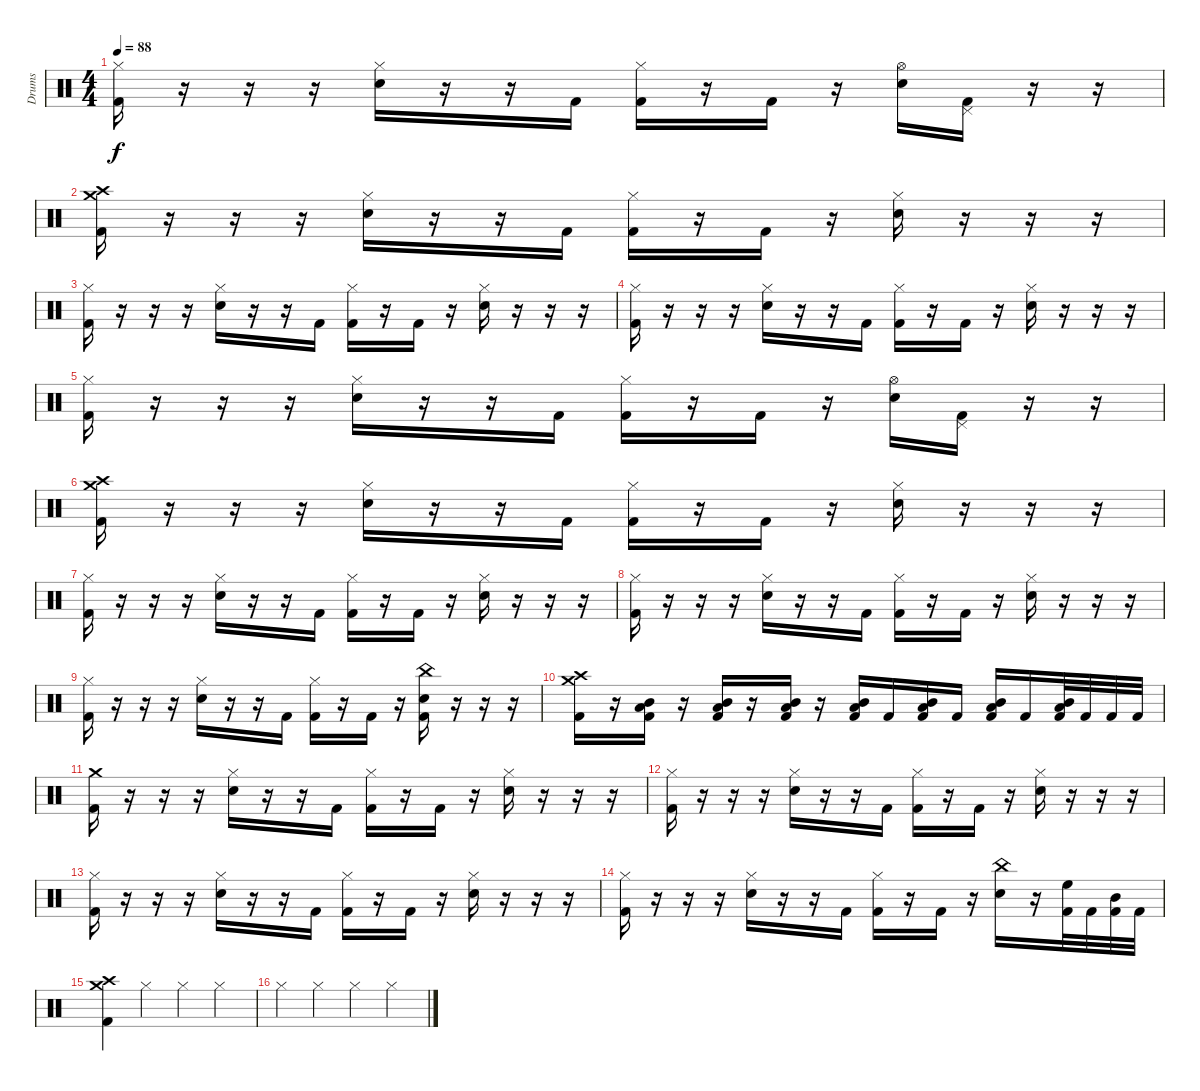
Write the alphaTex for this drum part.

\track ("Drums" "Drums") {instrument percussion}
\staff {score}
\articulation defaults
\ts (4 4)
\tempo 88
\clef neutral
\ks c
("Hi-Hat (closed)" "Kick (hit) 2").16{dy f} r.16 r.16 r.16 ("Hi-Hat (closed)" "Electric Snare (hit)").16 r.16 r.16 "Kick (hit) 2".16 ("Hi-Hat (closed)" "Kick (hit) 2").16 r.16 "Kick (hit) 2".16 r.16 ("Hi-Hat (open)" "Snare (hit) 2").16 ("Pedal Hi-Hat (hit)" "Kick (hit) 2").16 r.16 r.16 |
("Crash high (hit)" "Crash medium (hit)" "Kick (hit) 2").16 r.16 r.16 r.16 ("Hi-Hat (closed)" "Electric Snare (hit)").16 r.16 r.16 "Kick (hit) 2".16 ("Hi-Hat (closed)" "Kick (hit) 2").16 r.16 "Kick (hit) 2".16 r.16 ("Hi-Hat (closed)" "Electric Snare (hit)").16 r.16 r.16 r.16 |
("Hi-Hat (closed)" "Kick (hit) 2").16 r.16 r.16 r.16 ("Hi-Hat (closed)" "Electric Snare (hit)").16 r.16 r.16 "Kick (hit) 2".16 ("Hi-Hat (closed)" "Kick (hit) 2").16 r.16 "Kick (hit) 2".16 r.16 ("Hi-Hat (closed)" "Electric Snare (hit)").16 r.16 r.16 r.16 |
("Hi-Hat (closed)" "Kick (hit) 2").16 r.16 r.16 r.16 ("Hi-Hat (closed)" "Electric Snare (hit)").16 r.16 r.16 "Kick (hit) 2".16 ("Hi-Hat (closed)" "Kick (hit) 2").16 r.16 "Kick (hit) 2".16 r.16 ("Hi-Hat (closed)" "Electric Snare (hit)").16 r.16 r.16 r.16 |
("Hi-Hat (closed)" "Kick (hit) 2").16 r.16 r.16 r.16 ("Hi-Hat (closed)" "Electric Snare (hit)").16 r.16 r.16 "Kick (hit) 2".16 ("Hi-Hat (closed)" "Kick (hit) 2").16 r.16 "Kick (hit) 2".16 r.16 ("Hi-Hat (open)" "Snare (hit) 2").16 ("Pedal Hi-Hat (hit)" "Kick (hit) 2").16 r.16 r.16 |
("Crash high (hit)" "Crash medium (hit)" "Kick (hit) 2").16 r.16 r.16 r.16 ("Hi-Hat (closed)" "Electric Snare (hit)").16 r.16 r.16 "Kick (hit) 2".16 ("Hi-Hat (closed)" "Kick (hit) 2").16 r.16 "Kick (hit) 2".16 r.16 ("Hi-Hat (closed)" "Electric Snare (hit)").16 r.16 r.16 r.16 |
("Hi-Hat (closed)" "Kick (hit) 2").16 r.16 r.16 r.16 ("Hi-Hat (closed)" "Electric Snare (hit)").16 r.16 r.16 "Kick (hit) 2".16 ("Hi-Hat (closed)" "Kick (hit) 2").16 r.16 "Kick (hit) 2".16 r.16 ("Hi-Hat (closed)" "Electric Snare (hit)").16 r.16 r.16 r.16 |
("Hi-Hat (closed)" "Kick (hit) 2").16 r.16 r.16 r.16 ("Hi-Hat (closed)" "Electric Snare (hit)").16 r.16 r.16 "Kick (hit) 2".16 ("Hi-Hat (closed)" "Kick (hit) 2").16 r.16 "Kick (hit) 2".16 r.16 ("Hi-Hat (closed)" "Electric Snare (hit)").16 r.16 r.16 r.16 |
("Hi-Hat (closed)" "Kick (hit) 2").16 r.16 r.16 r.16 ("Hi-Hat (closed)" "Electric Snare (hit)").16 r.16 r.16 "Kick (hit) 2".16 ("Hi-Hat (closed)" "Kick (hit) 2").16 r.16 "Kick (hit) 2".16 r.16 ("China (hit)" "Snare (hit) 2" "Kick (hit) 2").16 r.16 r.16 r.16 |
("Crash high (hit)" "Crash medium (hit)" "Kick (hit) 2").16 r.16 ("Mid Tom (hit)" "Low Floor Tom (hit)" "Kick (hit) 2").16 r.16 ("Mid Tom (hit)" "Low Floor Tom (hit)" "Kick (hit) 2").16 r.16 ("Mid Tom (hit)" "Low Floor Tom (hit)" "Kick (hit) 2").16 r.16 ("Mid Tom (hit)" "Low Floor Tom (hit)" "Kick (hit) 2").16 "Kick (hit) 2".16 ("Mid Tom (hit)" "Low Floor Tom (hit)" "Kick (hit) 2").16 "Kick (hit) 2".16 ("Mid Tom (hit)" "Low Floor Tom (hit)" "Kick (hit) 2").16 "Kick (hit) 2".16 ("Mid Tom (hit)" "Low Floor Tom (hit)" "Kick (hit) 2").32 "Kick (hit) 2".32 "Kick (hit) 2".32 "Kick (hit) 2".32 |
("Crash medium (hit)" "Kick (hit) 2").16 r.16 r.16 r.16 ("Hi-Hat (closed)" "Electric Snare (hit)").16 r.16 r.16 "Kick (hit) 2".16 ("Hi-Hat (closed)" "Kick (hit) 2").16 r.16 "Kick (hit) 2".16 r.16 ("Hi-Hat (closed)" "Electric Snare (hit)").16 r.16 r.16 r.16 |
("Hi-Hat (closed)" "Kick (hit) 2").16 r.16 r.16 r.16 ("Hi-Hat (closed)" "Electric Snare (hit)").16 r.16 r.16 "Kick (hit) 2".16 ("Hi-Hat (closed)" "Kick (hit) 2").16 r.16 "Kick (hit) 2".16 r.16 ("Hi-Hat (closed)" "Electric Snare (hit)").16 r.16 r.16 r.16 |
("Hi-Hat (closed)" "Kick (hit) 2").16 r.16 r.16 r.16 ("Hi-Hat (closed)" "Electric Snare (hit)").16 r.16 r.16 "Kick (hit) 2".16 ("Hi-Hat (closed)" "Kick (hit) 2").16 r.16 "Kick (hit) 2".16 r.16 ("Hi-Hat (closed)" "Electric Snare (hit)").16 r.16 r.16 r.16 |
("Hi-Hat (closed)" "Kick (hit) 2").16 r.16 r.16 r.16 ("Hi-Hat (closed)" "Electric Snare (hit)").16 r.16 r.16 "Kick (hit) 2".16 ("Hi-Hat (closed)" "Kick (hit) 2").16 r.16 "Kick (hit) 2".16 r.16 ("China (hit)" "Electric Snare (hit)").16 r.16 ("High Floor Tom (hit)" "Kick (hit) 2").32 "Kick (hit) 2".32 ("Mid Tom (hit)" "Kick (hit) 2").32 "Kick (hit) 2".32 |
("Crash high (hit)" "Crash medium (hit)" "Kick (hit) 2").4 "Hi-Hat (closed)".4 "Hi-Hat (closed)".4 "Hi-Hat (closed)".4 |
"Hi-Hat (closed)".4 "Hi-Hat (closed)".4 "Hi-Hat (closed)".4 "Hi-Hat (closed)".4

┄┄┄┄┄┄┄┄┄┄┄┄┄┄┄┄┄┄┄┄

Activity
None of the images should be copied, but every entry must be given again exactly.

Completed task
Write the alphaTex for this drum part.

\track ("Drums" "Drums") {instrument percussion}
\staff {score}
\articulation defaults
\ts (4 4)
\tempo 88
\clef neutral
\ks c
("Hi-Hat (closed)" "Kick (hit) 2").16{dy f} r.16 r.16 r.16 ("Hi-Hat (closed)" "Electric Snare (hit)").16 r.16 r.16 "Kick (hit) 2".16 ("Hi-Hat (closed)" "Kick (hit) 2").16 r.16 "Kick (hit) 2".16 r.16 ("Hi-Hat (open)" "Snare (hit) 2").16 ("Pedal Hi-Hat (hit)" "Kick (hit) 2").16 r.16 r.16 |
("Crash high (hit)" "Crash medium (hit)" "Kick (hit) 2").16 r.16 r.16 r.16 ("Hi-Hat (closed)" "Electric Snare (hit)").16 r.16 r.16 "Kick (hit) 2".16 ("Hi-Hat (closed)" "Kick (hit) 2").16 r.16 "Kick (hit) 2".16 r.16 ("Hi-Hat (closed)" "Electric Snare (hit)").16 r.16 r.16 r.16 |
("Hi-Hat (closed)" "Kick (hit) 2").16 r.16 r.16 r.16 ("Hi-Hat (closed)" "Electric Snare (hit)").16 r.16 r.16 "Kick (hit) 2".16 ("Hi-Hat (closed)" "Kick (hit) 2").16 r.16 "Kick (hit) 2".16 r.16 ("Hi-Hat (closed)" "Electric Snare (hit)").16 r.16 r.16 r.16 |
("Hi-Hat (closed)" "Kick (hit) 2").16 r.16 r.16 r.16 ("Hi-Hat (closed)" "Electric Snare (hit)").16 r.16 r.16 "Kick (hit) 2".16 ("Hi-Hat (closed)" "Kick (hit) 2").16 r.16 "Kick (hit) 2".16 r.16 ("Hi-Hat (closed)" "Electric Snare (hit)").16 r.16 r.16 r.16 |
("Hi-Hat (closed)" "Kick (hit) 2").16 r.16 r.16 r.16 ("Hi-Hat (closed)" "Electric Snare (hit)").16 r.16 r.16 "Kick (hit) 2".16 ("Hi-Hat (closed)" "Kick (hit) 2").16 r.16 "Kick (hit) 2".16 r.16 ("Hi-Hat (open)" "Snare (hit) 2").16 ("Pedal Hi-Hat (hit)" "Kick (hit) 2").16 r.16 r.16 |
("Crash high (hit)" "Crash medium (hit)" "Kick (hit) 2").16 r.16 r.16 r.16 ("Hi-Hat (closed)" "Electric Snare (hit)").16 r.16 r.16 "Kick (hit) 2".16 ("Hi-Hat (closed)" "Kick (hit) 2").16 r.16 "Kick (hit) 2".16 r.16 ("Hi-Hat (closed)" "Electric Snare (hit)").16 r.16 r.16 r.16 |
("Hi-Hat (closed)" "Kick (hit) 2").16 r.16 r.16 r.16 ("Hi-Hat (closed)" "Electric Snare (hit)").16 r.16 r.16 "Kick (hit) 2".16 ("Hi-Hat (closed)" "Kick (hit) 2").16 r.16 "Kick (hit) 2".16 r.16 ("Hi-Hat (closed)" "Electric Snare (hit)").16 r.16 r.16 r.16 |
("Hi-Hat (closed)" "Kick (hit) 2").16 r.16 r.16 r.16 ("Hi-Hat (closed)" "Electric Snare (hit)").16 r.16 r.16 "Kick (hit) 2".16 ("Hi-Hat (closed)" "Kick (hit) 2").16 r.16 "Kick (hit) 2".16 r.16 ("Hi-Hat (closed)" "Electric Snare (hit)").16 r.16 r.16 r.16 |
("Hi-Hat (closed)" "Kick (hit) 2").16 r.16 r.16 r.16 ("Hi-Hat (closed)" "Electric Snare (hit)").16 r.16 r.16 "Kick (hit) 2".16 ("Hi-Hat (closed)" "Kick (hit) 2").16 r.16 "Kick (hit) 2".16 r.16 ("China (hit)" "Snare (hit) 2" "Kick (hit) 2").16 r.16 r.16 r.16 |
("Crash high (hit)" "Crash medium (hit)" "Kick (hit) 2").16 r.16 ("Mid Tom (hit)" "Low Floor Tom (hit)" "Kick (hit) 2").16 r.16 ("Mid Tom (hit)" "Low Floor Tom (hit)" "Kick (hit) 2").16 r.16 ("Mid Tom (hit)" "Low Floor Tom (hit)" "Kick (hit) 2").16 r.16 ("Mid Tom (hit)" "Low Floor Tom (hit)" "Kick (hit) 2").16 "Kick (hit) 2".16 ("Mid Tom (hit)" "Low Floor Tom (hit)" "Kick (hit) 2").16 "Kick (hit) 2".16 ("Mid Tom (hit)" "Low Floor Tom (hit)" "Kick (hit) 2").16 "Kick (hit) 2".16 ("Mid Tom (hit)" "Low Floor Tom (hit)" "Kick (hit) 2").32 "Kick (hit) 2".32 "Kick (hit) 2".32 "Kick (hit) 2".32 |
("Crash medium (hit)" "Kick (hit) 2").16 r.16 r.16 r.16 ("Hi-Hat (closed)" "Electric Snare (hit)").16 r.16 r.16 "Kick (hit) 2".16 ("Hi-Hat (closed)" "Kick (hit) 2").16 r.16 "Kick (hit) 2".16 r.16 ("Hi-Hat (closed)" "Electric Snare (hit)").16 r.16 r.16 r.16 |
("Hi-Hat (closed)" "Kick (hit) 2").16 r.16 r.16 r.16 ("Hi-Hat (closed)" "Electric Snare (hit)").16 r.16 r.16 "Kick (hit) 2".16 ("Hi-Hat (closed)" "Kick (hit) 2").16 r.16 "Kick (hit) 2".16 r.16 ("Hi-Hat (closed)" "Electric Snare (hit)").16 r.16 r.16 r.16 |
("Hi-Hat (closed)" "Kick (hit) 2").16 r.16 r.16 r.16 ("Hi-Hat (closed)" "Electric Snare (hit)").16 r.16 r.16 "Kick (hit) 2".16 ("Hi-Hat (closed)" "Kick (hit) 2").16 r.16 "Kick (hit) 2".16 r.16 ("Hi-Hat (closed)" "Electric Snare (hit)").16 r.16 r.16 r.16 |
("Hi-Hat (closed)" "Kick (hit) 2").16 r.16 r.16 r.16 ("Hi-Hat (closed)" "Electric Snare (hit)").16 r.16 r.16 "Kick (hit) 2".16 ("Hi-Hat (closed)" "Kick (hit) 2").16 r.16 "Kick (hit) 2".16 r.16 ("China (hit)" "Electric Snare (hit)").16 r.16 ("High Floor Tom (hit)" "Kick (hit) 2").32 "Kick (hit) 2".32 ("Mid Tom (hit)" "Kick (hit) 2").32 "Kick (hit) 2".32 |
("Crash high (hit)" "Crash medium (hit)" "Kick (hit) 2").4 "Hi-Hat (closed)".4 "Hi-Hat (closed)".4 "Hi-Hat (closed)".4 |
"Hi-Hat (closed)".4 "Hi-Hat (closed)".4 "Hi-Hat (closed)".4 "Hi-Hat (closed)".4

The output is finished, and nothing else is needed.